While the situation is certainly disturbing, when you read all of our responses from beginning to end, it is rather amazing that we to a great extent are sympathizing with two goblins who at a minimimum had past convictions, were in the act of entering and leaving a neighbors home, stealing said neighbors life energy and this good citizen was being instructed to not even disturb these goblins while committing these activities.

We have become a nation of sheep. And there are too few sheepdogs.

God help us.


----------



## comiso90 (Nov 26, 2007)

Funny...

I don't see ANY sympathizing... 

big difference between sympathizing and running outta the house with a loaded shot gun killing a couple guys.

.


----------



## ccheese (Nov 26, 2007)

Marcel said:


> As far as I could figure, his neighbour wasn't at home. He himself was in no danger. He just ran out of the house with his gun as if he was John Wayne although told by the offical not to do it. He obvously eager to test his little shotgun toy. The shouted "Move and you are dead" like a real Hollywood actor and then shot twice.



Marcel: I just saw the Youtube thing. I don't know about the law in Texas,
but in Virginia Mr. Horn would be in serious do-doo. After repeatedly being
told by the police dispatcher (in Va. dispatchers are mostly female but have
full police/arrest powers) to stay in his home and not go outside. From what
I heard and saw, no one's life was in danger. He just shot and killed two
men who, if apprehended, might have gotten five years for breaking 
entering. It will be interesting to see what the glorious state of Texas
(all bow your heads, please) does. Talk about a redneck !!

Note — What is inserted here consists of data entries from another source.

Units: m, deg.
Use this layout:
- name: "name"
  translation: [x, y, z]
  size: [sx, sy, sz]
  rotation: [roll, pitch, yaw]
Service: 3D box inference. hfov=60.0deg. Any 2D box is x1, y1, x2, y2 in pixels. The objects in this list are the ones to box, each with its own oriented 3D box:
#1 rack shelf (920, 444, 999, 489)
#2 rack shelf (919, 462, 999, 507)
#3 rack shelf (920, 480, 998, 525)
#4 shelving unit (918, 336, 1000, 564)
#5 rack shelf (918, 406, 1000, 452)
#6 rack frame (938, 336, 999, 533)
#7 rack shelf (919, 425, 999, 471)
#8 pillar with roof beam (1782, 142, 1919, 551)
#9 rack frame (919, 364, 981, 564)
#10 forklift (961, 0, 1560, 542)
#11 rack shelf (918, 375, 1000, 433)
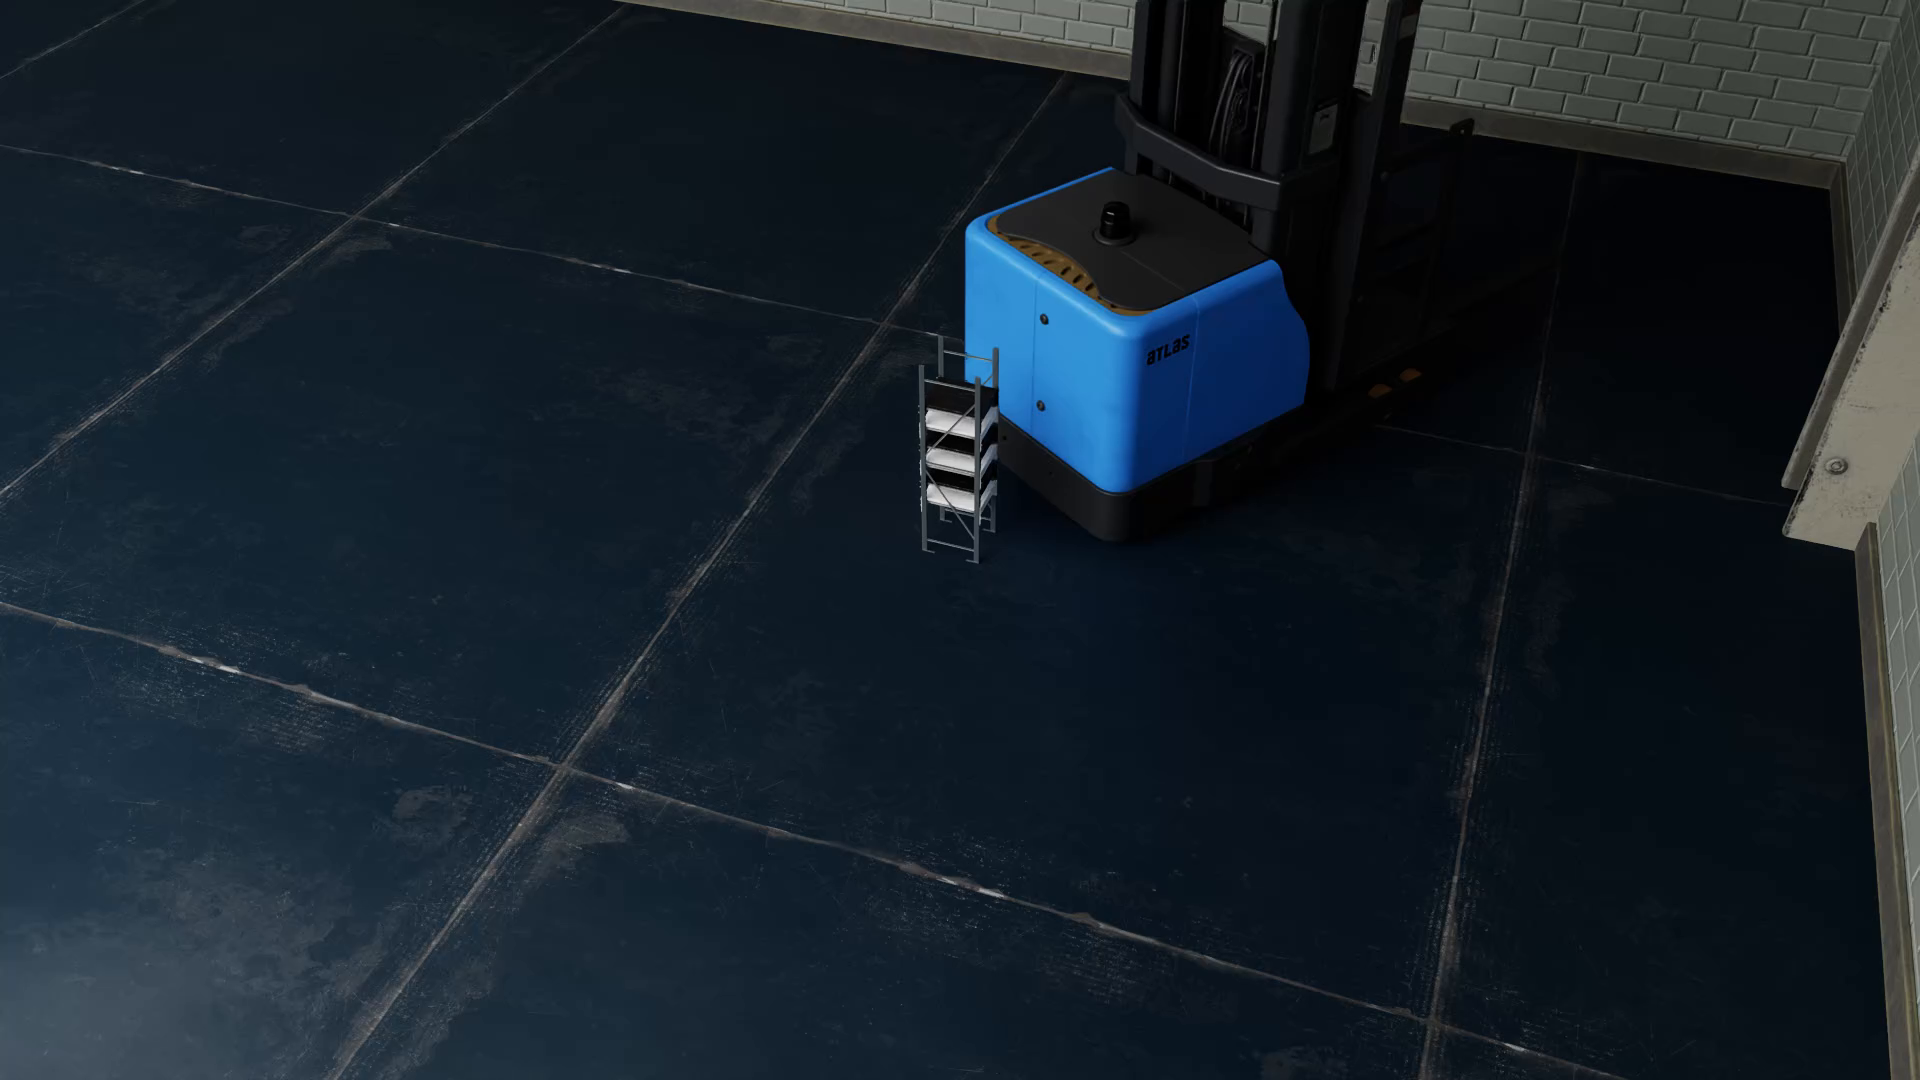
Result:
- name: "rack shelf"
  translation: [-0.003, -0.312, 6.474]
  size: [0.258, 0.077, 0.200]
  rotation: [13, 42, 15]
- name: "rack shelf"
  translation: [-0.003, -0.244, 6.532]
  size: [0.258, 0.077, 0.200]
  rotation: [13, 42, 15]
- name: "rack shelf"
  translation: [-0.003, -0.175, 6.591]
  size: [0.258, 0.077, 0.200]
  rotation: [13, 42, 15]
- name: "shelving unit"
  translation: [-0.003, -0.337, 6.452]
  size: [0.258, 0.900, 0.210]
  rotation: [13, 42, 15]
- name: "rack shelf"
  translation: [-0.003, -0.449, 6.357]
  size: [0.258, 0.077, 0.200]
  rotation: [13, 42, 15]
- name: "rack frame"
  translation: [0.032, -0.399, 6.525]
  size: [0.240, 0.900, 0.006]
  rotation: [13, 42, 15]
- name: "rack shelf"
  translation: [-0.003, -0.381, 6.415]
  size: [0.258, 0.077, 0.200]
  rotation: [13, 42, 15]
- name: "pillar with roof beam"
  translation: [-0.482, -4.483, 5.072]
  size: [9.100, 9.000, 0.400]
  rotation: [13, 42, 15]
- name: "rack frame"
  translation: [-0.038, -0.275, 6.379]
  size: [0.240, 0.900, 0.006]
  rotation: [13, 42, 15]
- name: "forklift"
  translation: [1.486, -1.889, 6.706]
  size: [3.031, 2.935, 1.130]
  rotation: [-26, 47, -27]
- name: "rack shelf"
  translation: [-0.003, -0.517, 6.299]
  size: [0.258, 0.077, 0.200]
  rotation: [13, 42, 15]

I think he took two lives needlessly.... and I thought I heard three shots ??

Charles


----------



## Matt308 (Nov 26, 2007)

That's what I mean though Comiso. It sounds like your statement sympathizes with the "couple guys". If you had said "big difference between sympathizing and running outta the house with a loaded shot gun removing two scumbag thieves/robbers/burglars", that would be different.

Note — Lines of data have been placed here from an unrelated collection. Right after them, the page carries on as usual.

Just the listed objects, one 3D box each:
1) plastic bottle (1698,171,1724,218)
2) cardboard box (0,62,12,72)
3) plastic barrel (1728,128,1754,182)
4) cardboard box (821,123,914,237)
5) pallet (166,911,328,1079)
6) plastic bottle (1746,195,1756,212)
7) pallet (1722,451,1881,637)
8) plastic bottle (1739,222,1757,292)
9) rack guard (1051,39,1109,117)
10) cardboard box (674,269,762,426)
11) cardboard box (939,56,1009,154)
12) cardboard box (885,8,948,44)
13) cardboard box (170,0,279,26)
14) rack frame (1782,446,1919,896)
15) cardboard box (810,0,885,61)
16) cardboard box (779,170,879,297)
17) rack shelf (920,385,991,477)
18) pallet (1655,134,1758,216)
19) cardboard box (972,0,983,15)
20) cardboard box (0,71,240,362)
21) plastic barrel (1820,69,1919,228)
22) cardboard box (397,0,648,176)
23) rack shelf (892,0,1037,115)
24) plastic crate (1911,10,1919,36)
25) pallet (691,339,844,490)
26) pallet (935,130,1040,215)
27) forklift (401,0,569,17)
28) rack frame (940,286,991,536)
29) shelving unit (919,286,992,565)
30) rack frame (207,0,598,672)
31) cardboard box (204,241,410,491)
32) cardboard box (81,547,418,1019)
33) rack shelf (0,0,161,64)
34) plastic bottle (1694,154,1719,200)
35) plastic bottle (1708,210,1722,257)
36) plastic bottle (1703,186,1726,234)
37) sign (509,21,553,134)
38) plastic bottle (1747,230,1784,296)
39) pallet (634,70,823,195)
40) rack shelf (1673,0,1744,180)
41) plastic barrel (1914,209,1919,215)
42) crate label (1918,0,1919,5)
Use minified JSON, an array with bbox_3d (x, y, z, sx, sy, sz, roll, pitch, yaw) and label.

And I don't want to hear about any "alleged" bull$hit. We all know those guys were guilty as the day is long. If they were local choirboys returning donations for a blind pygmie orphanage in Belize back to the neighborhood pastor, then our shotgun toting individual is in deep kimchee. But you know that's not the case as well as I do. So lets call it what it is. That is my point.


----------



## Matt308 (Nov 26, 2007)

ccheese said:


> Talk about a redneck !!
> 
> 
> Charles




To a redneck, that term of endearment is not insulting. I know. I are one.


----------



## comiso90 (Nov 26, 2007)

Matt308 said:


> That's what I mean though Comiso. It sounds like your statement sympathizes with the "couple guys". If you had said "big difference between sympathizing and running outta the house with a loaded shot gun removing two scumbag thieves/robbers/burglars", that would be different.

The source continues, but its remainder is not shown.